**Exercise aim:** Output all entries verbatim. Skip pictures.

**Exercise material:**

◇ ◇ ◇

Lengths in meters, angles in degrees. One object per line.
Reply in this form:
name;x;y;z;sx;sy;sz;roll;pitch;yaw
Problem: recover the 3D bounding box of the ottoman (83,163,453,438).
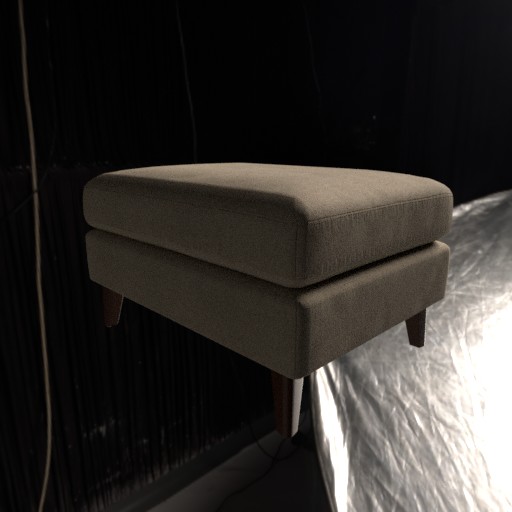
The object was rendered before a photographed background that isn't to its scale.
ottoman;0.000;0.000;1.217;0.610;0.478;0.823;-14;20;-42
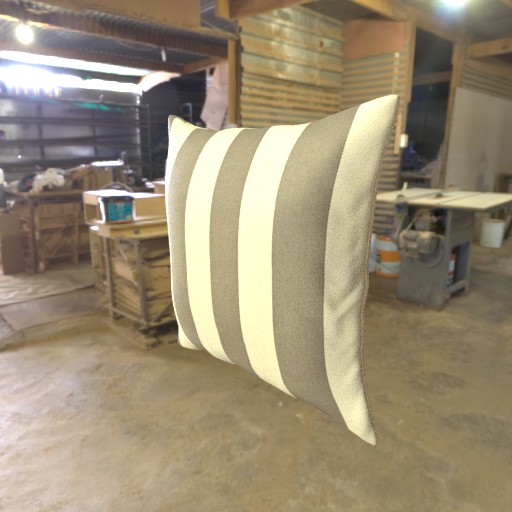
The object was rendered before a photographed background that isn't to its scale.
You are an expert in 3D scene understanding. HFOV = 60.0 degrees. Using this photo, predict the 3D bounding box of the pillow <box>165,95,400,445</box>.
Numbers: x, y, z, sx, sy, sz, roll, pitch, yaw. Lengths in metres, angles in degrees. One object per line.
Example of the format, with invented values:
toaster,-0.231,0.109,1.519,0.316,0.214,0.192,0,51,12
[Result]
pillow,0.000,0.000,0.789,0.192,0.507,0.522,-13,18,-42
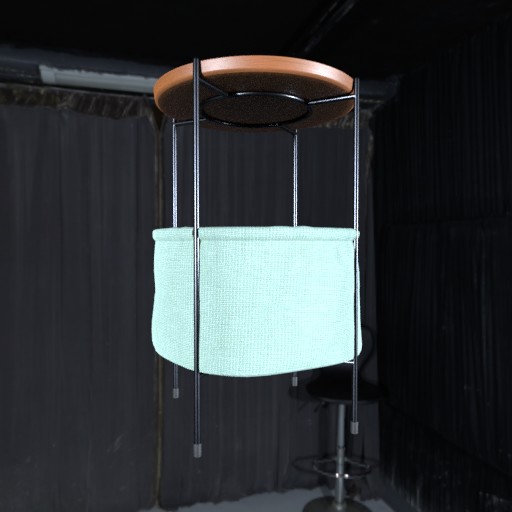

◇ ◇ ◇

**Response for this exercise:**
Lengths in meters, angles in degrees. One object per line.
Reply in this form:
name;x;y;z;sx;sy;sz;roll;pitch;yaw
Problem: recover the 3D bounding box of the ottoman (83,163,453,438).
The object was rendered before a photographed background that isn't to its scale.
ottoman;0.000;0.000;1.217;0.610;0.478;0.823;-14;20;-42
The object was rendered before a photographed background that isn't to its scale.
You are an expert in 3D scene understanding. HFOV = 60.0 degrees. Using this photo, predict the 3D bounding box of the pillow <box>165,95,400,445</box>.
Numbers: x, y, z, sx, sy, sz, roll, pitch, yaw. Lengths in metres, angles in degrees. One object per line.
Example of the format, with invented values:
toaster,-0.231,0.109,1.519,0.316,0.214,0.192,0,51,12
[Result]
pillow,0.000,0.000,0.789,0.192,0.507,0.522,-13,18,-42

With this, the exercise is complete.